После ужина Илья вышел на лоджию покурить. Автоматически прикинул: лоджия Ланы находилась на другой стороне дома, его увидеть девушка никак не могла. Конечно, существовал определенный риск, что любовница его «сфотографирует» снизу, прогуливаясь вечером по аллее парка. Однако в сумерках это было маловероятно.

Неожиданно взгляд зацепился за мужской силуэт, медленно фланирующий по асфальту вдоль аккуратно подстриженных тополей. Доктор не сразу понял, чем прохожий мог привлечь его внимание.

Куртка, джинсы, кроссовки, спортивная шапочка…

Может, походка?

Догадка явилась вместе с очередной затяжкой: на мужчине была точь-в-точь такая же стеганая импортная куртка с вельветовым воротником, которую доктор сегодня видел на Ваське-разведчике.

Но это было не главное. Стерхов вспомнил, на ком еще он видел такую же. Проходя в тот злополучный «взрывной» день по вестибюлю поликлиники, он боковым зрением зафиксировал, как недавно выскочивший из его кабинета Барсуков получал в гардеробе одежду, точнее, такую же стеганую куртку. Совпадало все: цвет, фасон, воротник, даже размер, кажется. Доктор готов был поклясться в этом!

Здесь была эпилепсия, где она?

Мечта любого участкового врача – пустой коридор: никто не кашляет, не чихает, не норовит проскочить без очереди… Можно расслабиться, перевести дух, сходить куда-нибудь, съесть конфету или, на худой конец, просто полюбезничать с медсестрой.

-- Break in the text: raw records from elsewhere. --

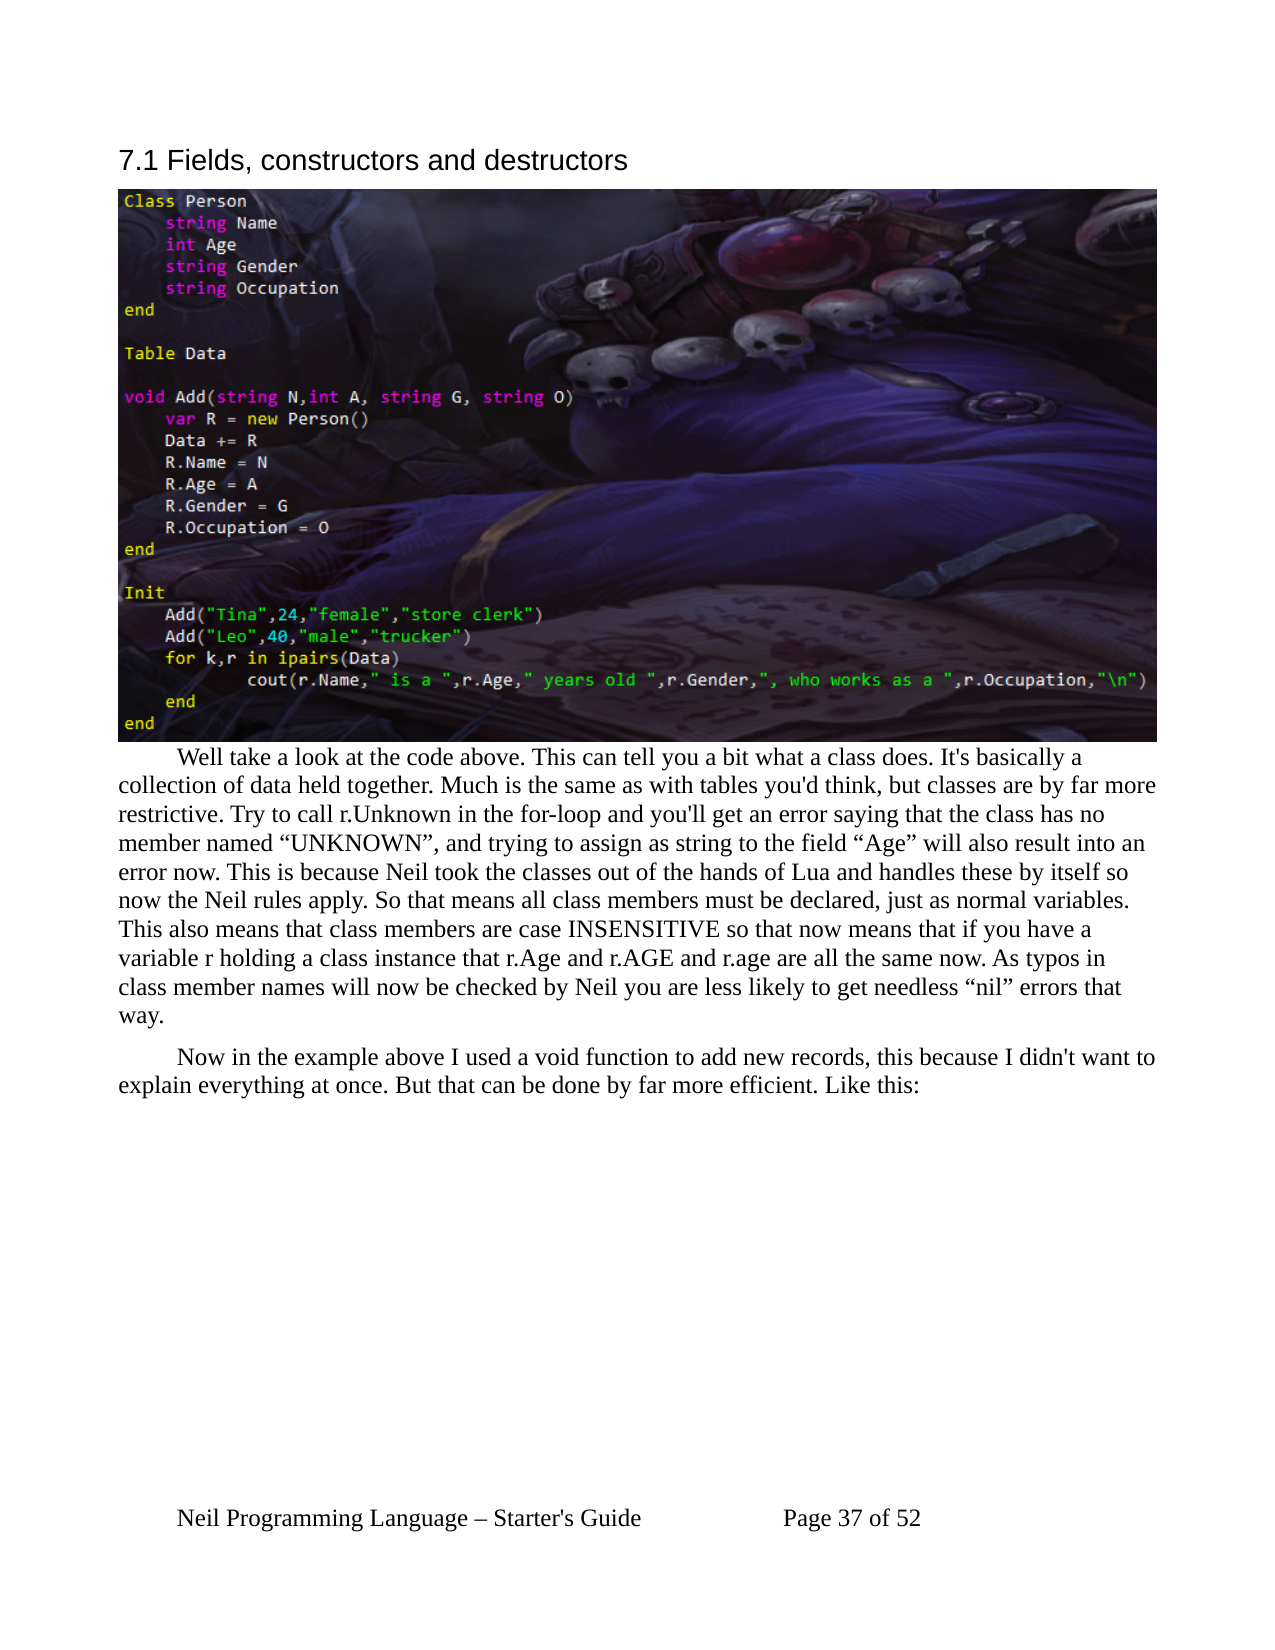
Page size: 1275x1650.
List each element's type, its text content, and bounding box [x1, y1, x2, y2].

text Now in the example above I used a void function to add new records, this because I didn't want to explain everything at once. But that can be done by far more efficient. Like this: [118, 1042, 1157, 1099]
text Well take a look at the code above. This can tell you a bit what a class does. It's basically a collection of data held together. Much is the same as with tables you'd think, but classes are by far more restrictive. Try to call r.Unknown in the for-loop and you'll get an error saying that the class has no member named “UNKNOWN”, and trying to assign as string to the field “Age” will also result into an error now. This is because Neil took the classes out of the hands of Lua and handles these by itself so now the Neil rules apply. So that means all class members must be declared, just as normal variables. This also means that class members are case INSENSITIVE so that now means that if you have a variable r holding a class instance that r.Age and r.AGE and r.age are all the same now. As typos in class member names will now be checked by Neil you are less likely to get needless “nil” errors that way. [118, 742, 1157, 1029]
picture [118, 189, 1157, 742]
subtitle 7.1 Fields, constructors and destructors [118, 143, 1157, 177]
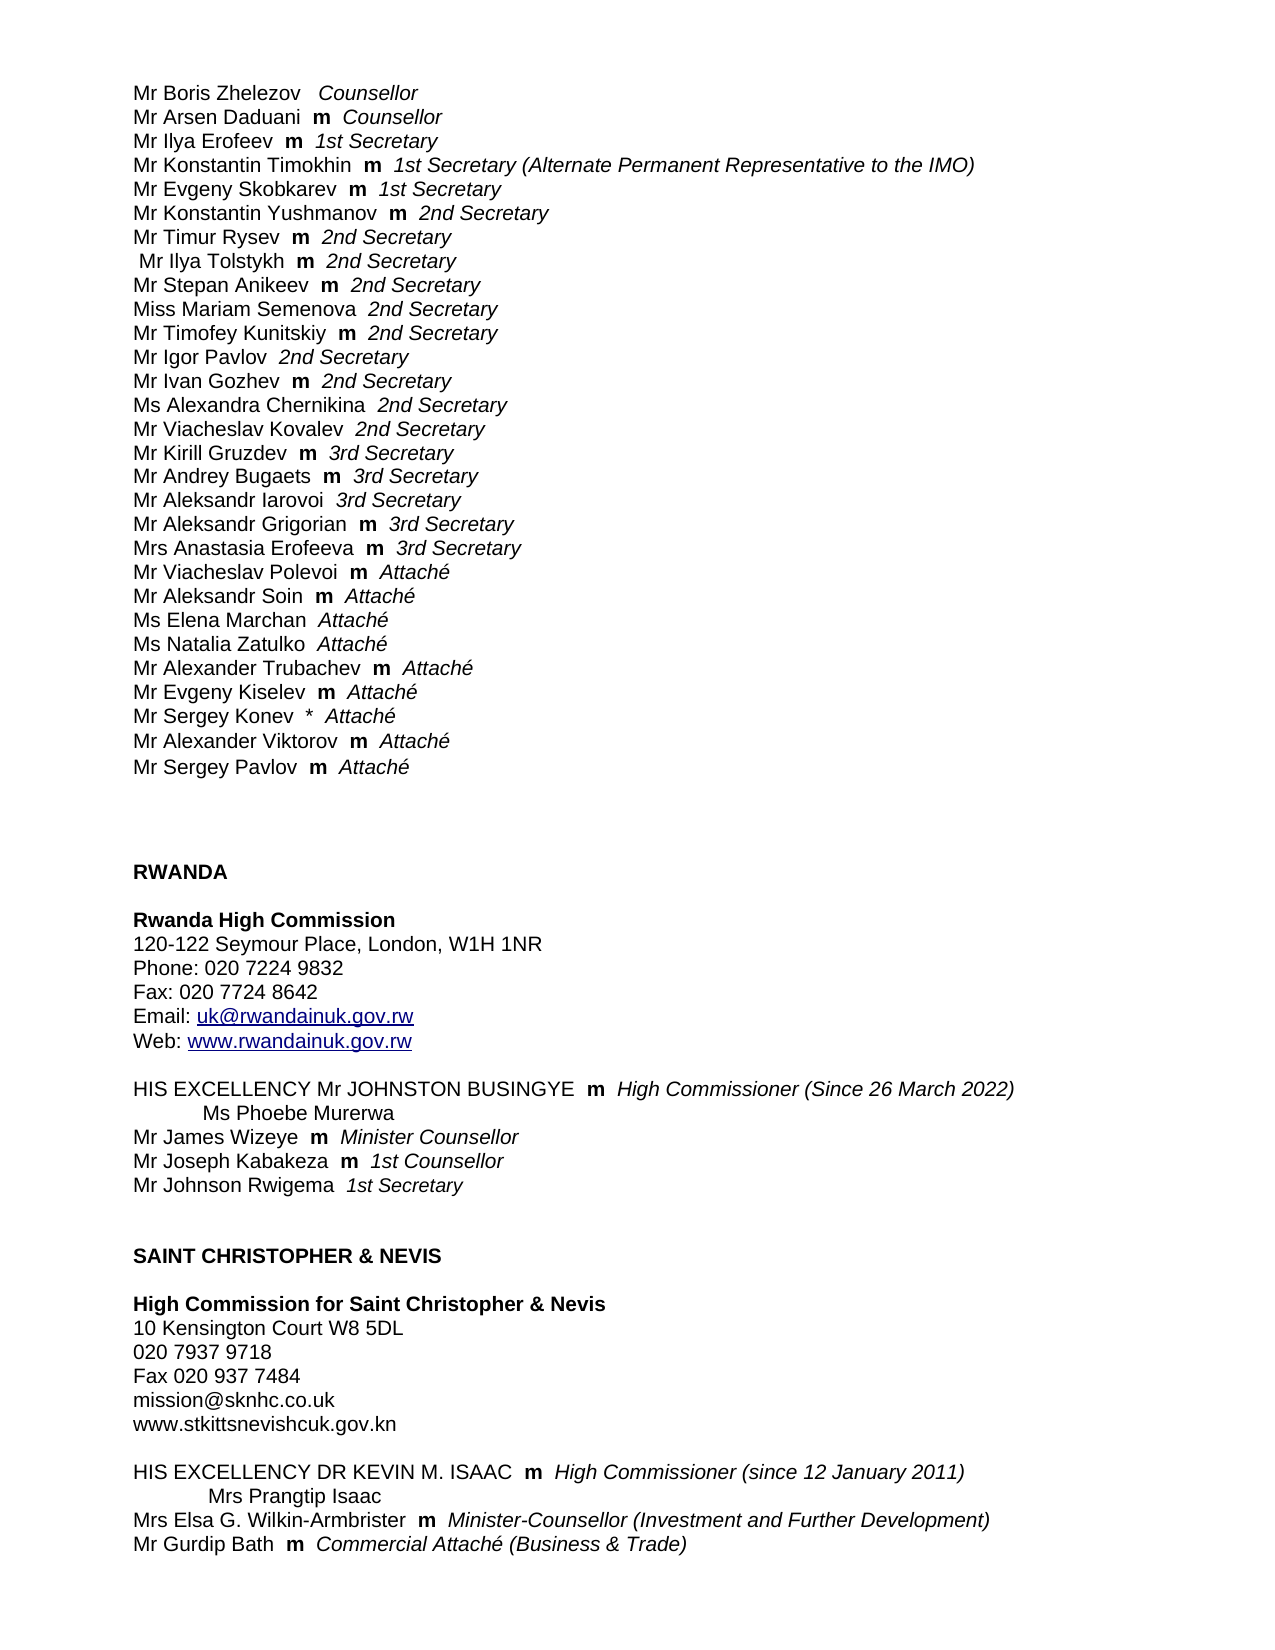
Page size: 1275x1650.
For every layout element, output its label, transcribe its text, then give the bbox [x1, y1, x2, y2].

Илья решил возникшую в приеме паузу использовать для того, чтобы прояснить окончательно ситуацию с припадком Хохрина. А именно – сходить в отделение неврологии. Случай задевал его профессиональное самолюбие: никогда еще он так не ошибался в диагнозе.

Пару дней назад, когда взорвался джип с Барсуковым, он, в принципе, двигался тем же маршрутом, но сейчас следовало пройти несколько дальше. Путь лежал мимо физиотерапевтического отделения.

Кабинет доктора Лилии Феоктистовой был чуть приоткрыт, и Стерхов не упустил возможности туда заглянуть.

Каково же было его удивление, когда он разглядел на кушетке квадратную фигуру майора Тутынина. Все в той же папке, уже знакомой Стерхову, следователь старательно записывал показания заметно нервничающей Лилии. Илья решил им не мешать.

«Проговорится или нет? – стучало в его мозгу, когда он подходил к ординаторской неврологии. – В принципе, мне даже на руку, если майор узнает об истинной причине моего отсутствия в тот день. Как мужик мужика следователь должен меня понять».

Зайти на полчаса к симпатичному доктору – не преступление. Если же в это время кто-то умрет по причине того, что ты отсутствовал на рабочем месте, – это намного серьезней. Все остальное – из области моральных осуждений общественности. Илья Стерхов это как-нибудь переживет.

В ординаторской бородатый доктор Лева Лобанов стучал молоточком по белоснежным коленкам симпатичной пациентки со вздернутым носиком, которая предусмотрительно приподняла полы бежевого халатика. Коленки напомнили Илье наливные яблочки сорта Гренни, чуть кисловатые на вкус, которые он обычно рекомендует есть диабетикам, так как в них меньше всего сахара.

– Ой, – вскрикнула пациентка, мигом спрятав под халатиком коленки от глаз вошедшего доктора.

– Ну что вы, Алла Альбертовна, – посетовал Лобанов, незаметно подмигнув Стерхову. – Это доктор Илья Николаевич, мой коллега, его стесняться не нужно…

– Я, наверное, тогда пойду, – покраснев, промямлила Алла Альбертовна, которой бы Стерхов больше двадцати пяти при всем желании никак не дал.

– Да, конечно, ступайте, – заключил невролог, провожая взглядом миловидную пациентку, – я в истории все запишу, эпикриз подготовлю.